How to send a real number using a single bit (and some shared randomness)
This addresses a fundamental communication problem in information theory, with potential applications in data compression and distributed computing, but it is incremental as it builds on known estimation approaches.
The paper tackles the problem of communicating a real number estimate using only one bit, with and without shared randomness, aiming to minimize worst-case expected squared error or variance. It proves optimality of existing methods without shared randomness and shows that even a single shared random bit reduces cost, proposing near-optimal solutions.

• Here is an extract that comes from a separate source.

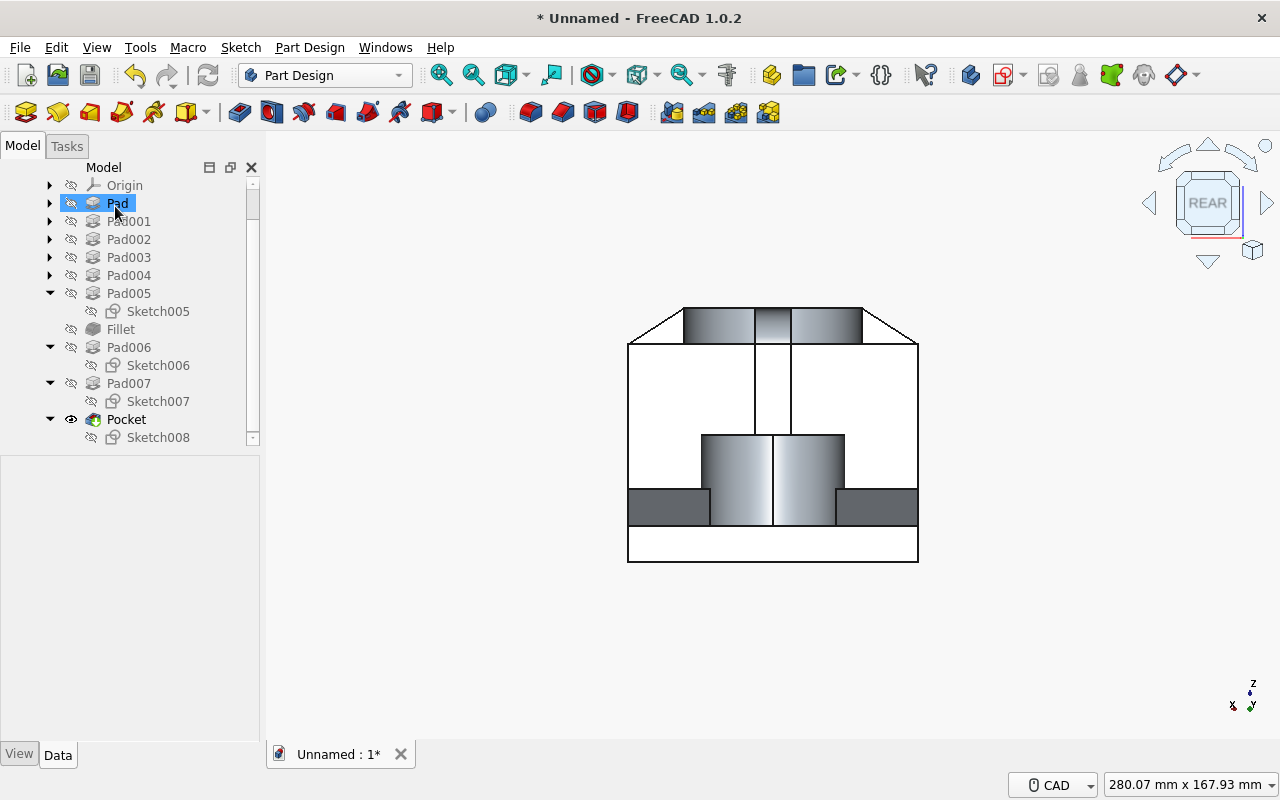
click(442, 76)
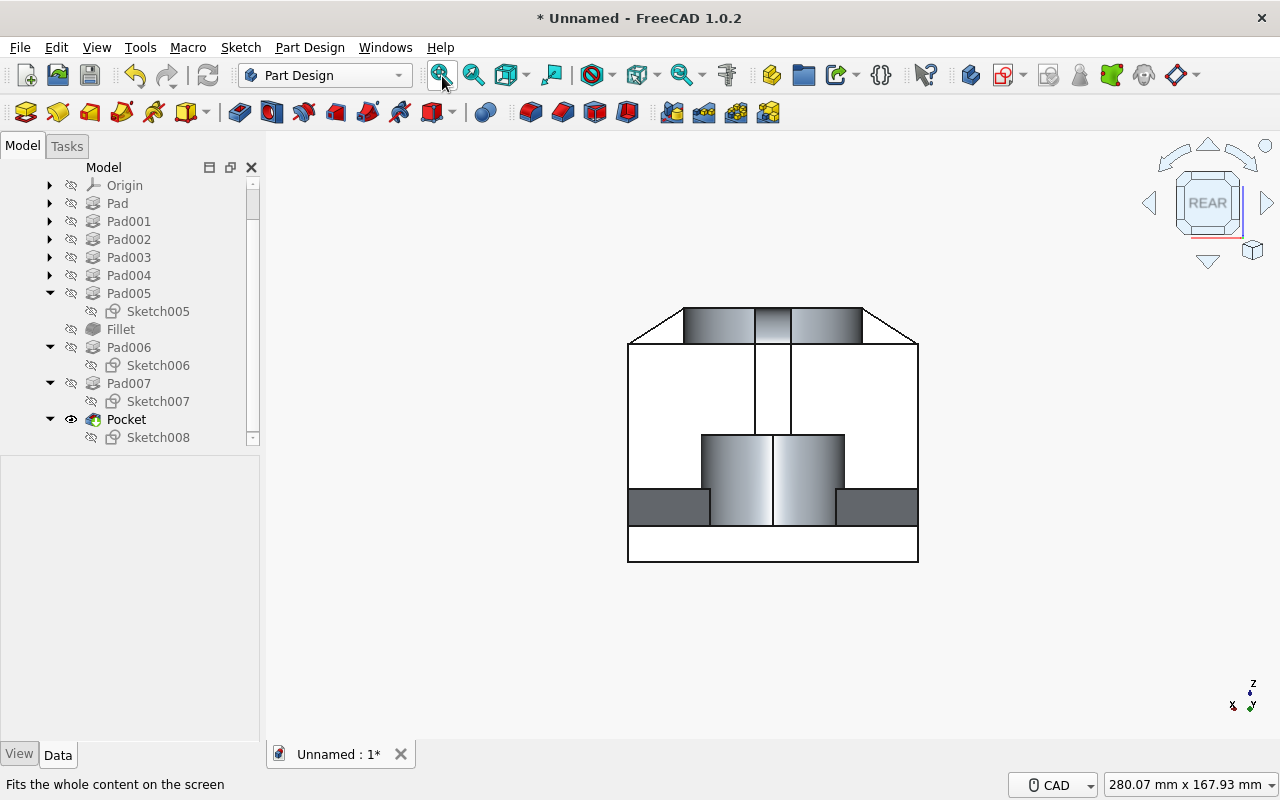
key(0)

We consider the fundamental problem of communicating an estimate of a real number $x\in[0,1]$ using a single bit. A sender that knows $x$ chooses a value $X\in\set{0,1}$ to transmit. In turn, a receiver estimates $x$ based on the value of $X$. We consider both the biased and unbiased estimation problems and aim to minimize the cost. For the biased case, the cost is the worst-case (over the choice of $x$) expected squared error, which coincides with the variance if the algorithm is required to be unbiased. We first overview common biased and unbiased estimation approaches and prove their optimality when no shared randomness is allowed. We then show how a small amount of shared randomness, which can be as low as a single bit, reduces the cost in both cases. Specifically, we derive lower bounds on the cost attainable by any algorithm with unrestricted use of shared randomness and propose near-optimal solutions that use a small number of shared random bits. Finally, we discuss open problems and future directions.